A Low-temperature 1H NMR Study of H2O and D2O Associated Competitively with Immunoglobulin G in Solution

TL;DR

This study uses low-temperature 1H NMR to analyze how D2O and H2O compete for binding sites on immunoglobulin G, revealing preferential D2O binding and heterogeneity in hydration water at sub-zero temperatures.

Contribution

It introduces a methodology for characterizing competitive D2O/H2O association with proteins using low-temperature 1H NMR, providing direct data on isotope adsorption and hydration heterogeneity.

Findings

D2O shows preferential binding to immunoglobulin G.

Isothermals suggest polymolecular adsorption behavior.

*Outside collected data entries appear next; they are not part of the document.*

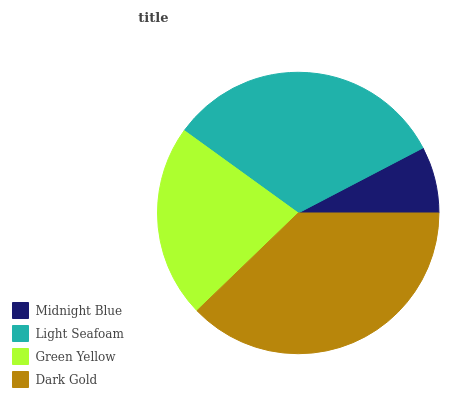Is Midnight Blue the minimum?
Answer yes or no. Yes. Is Dark Gold the maximum?
Answer yes or no. Yes. Is Light Seafoam the minimum?
Answer yes or no. No. Is Light Seafoam the maximum?
Answer yes or no. No. Is Light Seafoam greater than Midnight Blue?
Answer yes or no. Yes. Is Midnight Blue less than Light Seafoam?
Answer yes or no. Yes. Is Midnight Blue greater than Light Seafoam?
Answer yes or no. No. Is Light Seafoam less than Midnight Blue?
Answer yes or no. No. Is Light Seafoam the high median?
Answer yes or no. Yes. Is Green Yellow the low median?
Answer yes or no. Yes. Is Green Yellow the high median?
Answer yes or no. No. Is Midnight Blue the low median?
Answer yes or no. No. 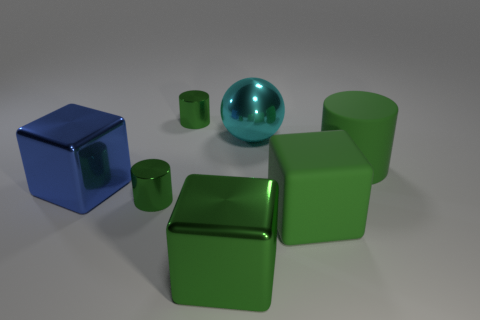Are there any purple cylinders of the same size as the blue thing?
Give a very brief answer. No. What number of things are either tiny green shiny things that are in front of the blue block or big things behind the big green matte block?
Give a very brief answer. 4. There is a cube left of the green cube to the left of the green matte cube; what is its color?
Keep it short and to the point. Blue. There is a big object that is the same material as the large green cylinder; what color is it?
Offer a terse response. Green. How many big matte things have the same color as the rubber block?
Offer a very short reply. 1. How many objects are either large balls or big green objects?
Give a very brief answer. 4. There is a cyan object that is the same size as the blue shiny thing; what shape is it?
Offer a very short reply. Sphere. How many things are in front of the blue metallic block and on the right side of the shiny sphere?
Provide a short and direct response. 1. There is a block that is left of the big green metal object; what is it made of?
Your answer should be very brief. Metal. Do the metal cylinder in front of the large green rubber cylinder and the green metal cylinder that is behind the large blue cube have the same size?
Your answer should be compact. Yes. 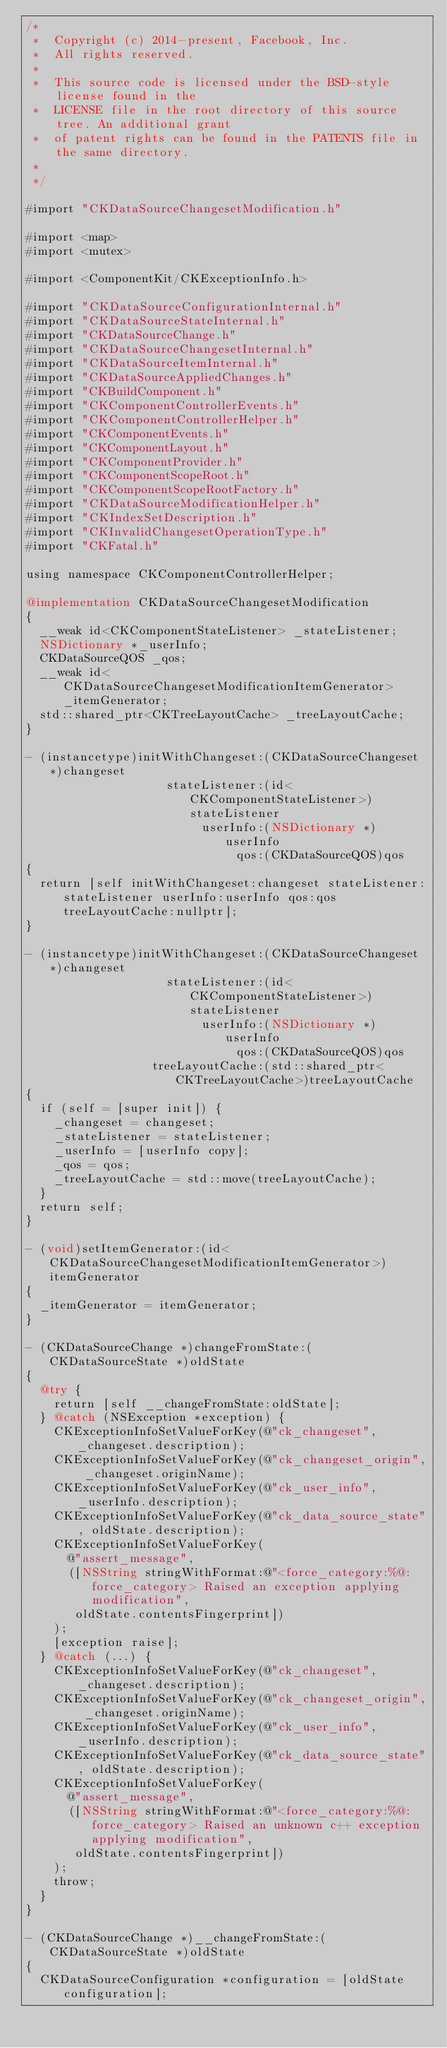Convert code to text. <code><loc_0><loc_0><loc_500><loc_500><_ObjectiveC_>/*
 *  Copyright (c) 2014-present, Facebook, Inc.
 *  All rights reserved.
 *
 *  This source code is licensed under the BSD-style license found in the
 *  LICENSE file in the root directory of this source tree. An additional grant
 *  of patent rights can be found in the PATENTS file in the same directory.
 *
 */

#import "CKDataSourceChangesetModification.h"

#import <map>
#import <mutex>

#import <ComponentKit/CKExceptionInfo.h>

#import "CKDataSourceConfigurationInternal.h"
#import "CKDataSourceStateInternal.h"
#import "CKDataSourceChange.h"
#import "CKDataSourceChangesetInternal.h"
#import "CKDataSourceItemInternal.h"
#import "CKDataSourceAppliedChanges.h"
#import "CKBuildComponent.h"
#import "CKComponentControllerEvents.h"
#import "CKComponentControllerHelper.h"
#import "CKComponentEvents.h"
#import "CKComponentLayout.h"
#import "CKComponentProvider.h"
#import "CKComponentScopeRoot.h"
#import "CKComponentScopeRootFactory.h"
#import "CKDataSourceModificationHelper.h"
#import "CKIndexSetDescription.h"
#import "CKInvalidChangesetOperationType.h"
#import "CKFatal.h"

using namespace CKComponentControllerHelper;

@implementation CKDataSourceChangesetModification
{
  __weak id<CKComponentStateListener> _stateListener;
  NSDictionary *_userInfo;
  CKDataSourceQOS _qos;
  __weak id<CKDataSourceChangesetModificationItemGenerator> _itemGenerator;
  std::shared_ptr<CKTreeLayoutCache> _treeLayoutCache;
}

- (instancetype)initWithChangeset:(CKDataSourceChangeset *)changeset
                    stateListener:(id<CKComponentStateListener>)stateListener
                         userInfo:(NSDictionary *)userInfo
                              qos:(CKDataSourceQOS)qos
{
  return [self initWithChangeset:changeset stateListener:stateListener userInfo:userInfo qos:qos treeLayoutCache:nullptr];
}

- (instancetype)initWithChangeset:(CKDataSourceChangeset *)changeset
                    stateListener:(id<CKComponentStateListener>)stateListener
                         userInfo:(NSDictionary *)userInfo
                              qos:(CKDataSourceQOS)qos
                  treeLayoutCache:(std::shared_ptr<CKTreeLayoutCache>)treeLayoutCache
{
  if (self = [super init]) {
    _changeset = changeset;
    _stateListener = stateListener;
    _userInfo = [userInfo copy];
    _qos = qos;
    _treeLayoutCache = std::move(treeLayoutCache);
  }
  return self;
}

- (void)setItemGenerator:(id<CKDataSourceChangesetModificationItemGenerator>)itemGenerator
{
  _itemGenerator = itemGenerator;
}

- (CKDataSourceChange *)changeFromState:(CKDataSourceState *)oldState
{
  @try {
    return [self __changeFromState:oldState];
  } @catch (NSException *exception) {
    CKExceptionInfoSetValueForKey(@"ck_changeset", _changeset.description);
    CKExceptionInfoSetValueForKey(@"ck_changeset_origin", _changeset.originName);
    CKExceptionInfoSetValueForKey(@"ck_user_info", _userInfo.description);
    CKExceptionInfoSetValueForKey(@"ck_data_source_state", oldState.description);
    CKExceptionInfoSetValueForKey(
      @"assert_message",
      ([NSString stringWithFormat:@"<force_category:%@:force_category> Raised an exception applying modification",
       oldState.contentsFingerprint])
    );
    [exception raise];
  } @catch (...) {
    CKExceptionInfoSetValueForKey(@"ck_changeset", _changeset.description);
    CKExceptionInfoSetValueForKey(@"ck_changeset_origin", _changeset.originName);
    CKExceptionInfoSetValueForKey(@"ck_user_info", _userInfo.description);
    CKExceptionInfoSetValueForKey(@"ck_data_source_state", oldState.description);
    CKExceptionInfoSetValueForKey(
      @"assert_message",
      ([NSString stringWithFormat:@"<force_category:%@:force_category> Raised an unknown c++ exception applying modification",
       oldState.contentsFingerprint])
    );
    throw;
  }
}

- (CKDataSourceChange *)__changeFromState:(CKDataSourceState *)oldState
{
  CKDataSourceConfiguration *configuration = [oldState configuration];</code> 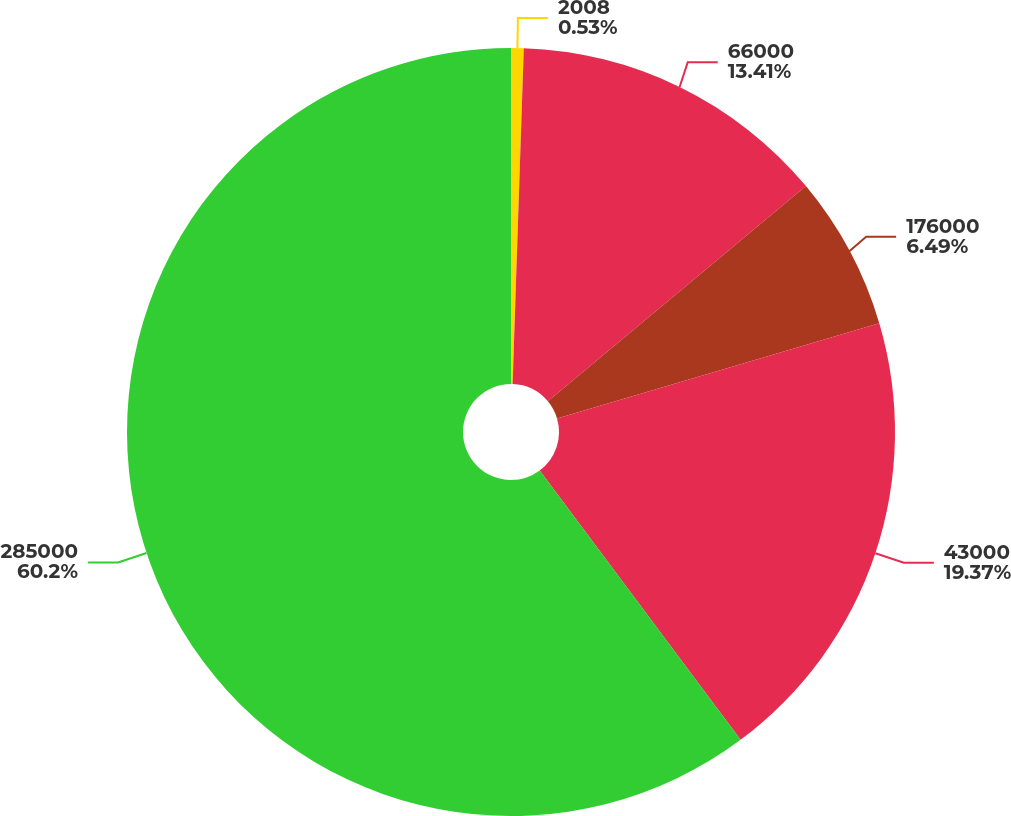Convert chart to OTSL. <chart><loc_0><loc_0><loc_500><loc_500><pie_chart><fcel>2008<fcel>66000<fcel>176000<fcel>43000<fcel>285000<nl><fcel>0.53%<fcel>13.41%<fcel>6.49%<fcel>19.37%<fcel>60.2%<nl></chart> 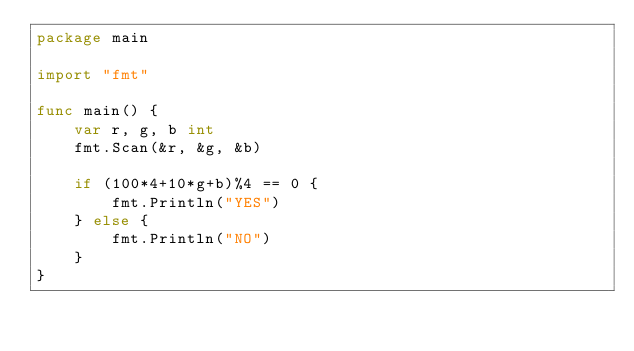<code> <loc_0><loc_0><loc_500><loc_500><_Go_>package main

import "fmt"

func main() {
	var r, g, b int
	fmt.Scan(&r, &g, &b)

	if (100*4+10*g+b)%4 == 0 {
		fmt.Println("YES")
	} else {
		fmt.Println("NO")
	}
}
</code>

Heavy water binds mainly to charged and polar groups at low temperatures.

Abstract

An approach has been proposed to characterize the competitive association of D2O and to study the heterogeneity of hydration water adsorbed by the protein, immunoglobulin G, using methodology for determining of non-freezing water in mixed H2O-D2O protein solutions by low-temperature 1H NMR technique. Direct data on the numbers of deuteriums adsorbed by immunoglobulin G and isothermals of water (D2O) sorption by the protein for solution hydration conditions were obtained. The preferential binding of D2O as well as the isotopic effect of low D2O concentrations was simply confirmed using this method. The shape of the isothermals, similar to that for polymolecular adsorption, demonstrates relative changes in the fractions of heavy water isotope bound to different groups of protein atoms on decreasing temperature in frozen solution. At -35 deg C the major fractions attached to charged and polar atomic groups appear to be related as 2/3. The adsorption curves indicate the direct relationship of non-freezing water to interface water in protein powders.